In late November, military families at Joint Base Pearl Harbor-Hickam and Aliamanu Military Reservation began reporting their water smelled like fuel and had a visible, oily sheen.
The Hawaii Department of Health and the Navy later confirmed the water was contaminated by fuel spilled from the Red Hill storage facility earlier in the month.
The spill displaced thousands of military families and civilians, while others brought in outside water to stay in their homes. Thousands have also been treated for nausea, headaches, rashes and other conditions.
Hawaiian officials, including the state's U.S. senators and representatives, have been pressuring the Defense Department to comply with Hawaii's defueling order. Congress joined in approving $100 million last month for the Pentagon to follow the order.
"I have said from day one that ensuring the health and safety of the residents of Oahu is my top priority and I share the community's big sigh of relief with this news," Sen. Mazie Hirono, D-Hawaii, said in a statement Monday applauding the Pentagon's announcement.
"There is a lot of work to do, including defueling the tanks safely and the long term cleanup efforts that will be required to close down the facility," Hirono added. "I will continue to work very closely with the DoD, the Environmental Protection Agency and the State of Hawaii to make sure this happens."
Hawaii's order called for the Navy to submit a plan to drain the fuel at Red Hill within 30 days.
But a timeline laid out by the Pentagon on Monday could have the process stretching longer than a year.
Operations at Red Hill have been suspended since December, but the facility can't be defueled until it is up and running again, Pentagon press secretary John Kirby told reporters. An assessment team expects to have a report by the end of the April on how to safely get the facility operational again, he added.
Under a memo signed by Austin on Monday, the Navy and the Defense Logistics Agency have until May 31 to deliver a plan of action to defuel.
Once the plan is in place, the Pentagon estimates defueling could take up to 12 months.
After the facility is defueled, the department will work on environmental mitigation, Kirby said.
Kirby did not have a cost estimate. Sen. Brian Schatz, D-Hawaii, a member of the Senate Appropriations Committee who took credit for securing the $100 million approved last month, previously described that funding as a first round.
"In order to implement this decision, we're going to have to provide additional resources and hold DoD's feet to the fire through congressional oversight," Schatz tweeted Monday. "I will continue to work with our federal and state partners to see this through."
Red Hill has 20 tanks -- 14 of which are filled right now -- that each can hold up to 12.5 million gallons of fuel used for ships and planes that support U.S. military operations throughout the Pacific region. The facility was built into the side of a mountain during World War II to protect it from attack.
With the facility being drained, fuel reserves will instead be located at unspecified locations on land and at sea throughout the Indo-Pacific region, according to Austin's memo.

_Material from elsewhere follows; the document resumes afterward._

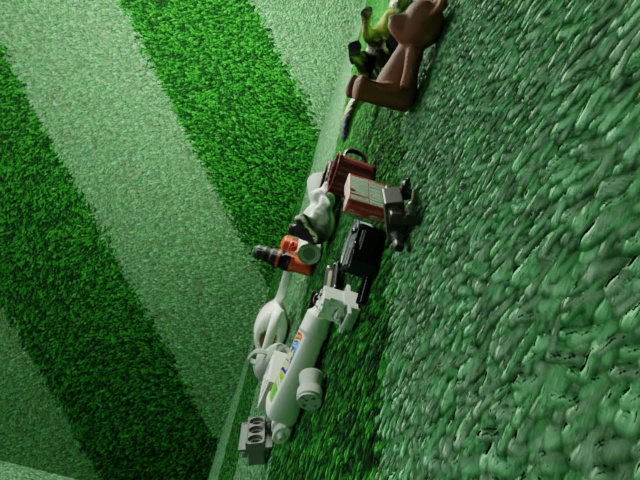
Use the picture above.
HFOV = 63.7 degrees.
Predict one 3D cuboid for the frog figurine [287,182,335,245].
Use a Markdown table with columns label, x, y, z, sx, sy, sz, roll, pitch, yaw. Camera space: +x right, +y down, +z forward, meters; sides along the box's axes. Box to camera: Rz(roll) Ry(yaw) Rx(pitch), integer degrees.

The memo also stressed the need to "care for affected military families and the people of Hawaii." But the department did not detail Monday any new assistance that might be provided to them.
"We owe you the very best health care we can provide, answers to your many questions, and clean, safe drinking water," Austin said in his statement. "Quite frankly, we owe you a return to normal. And you have my commitment to that end."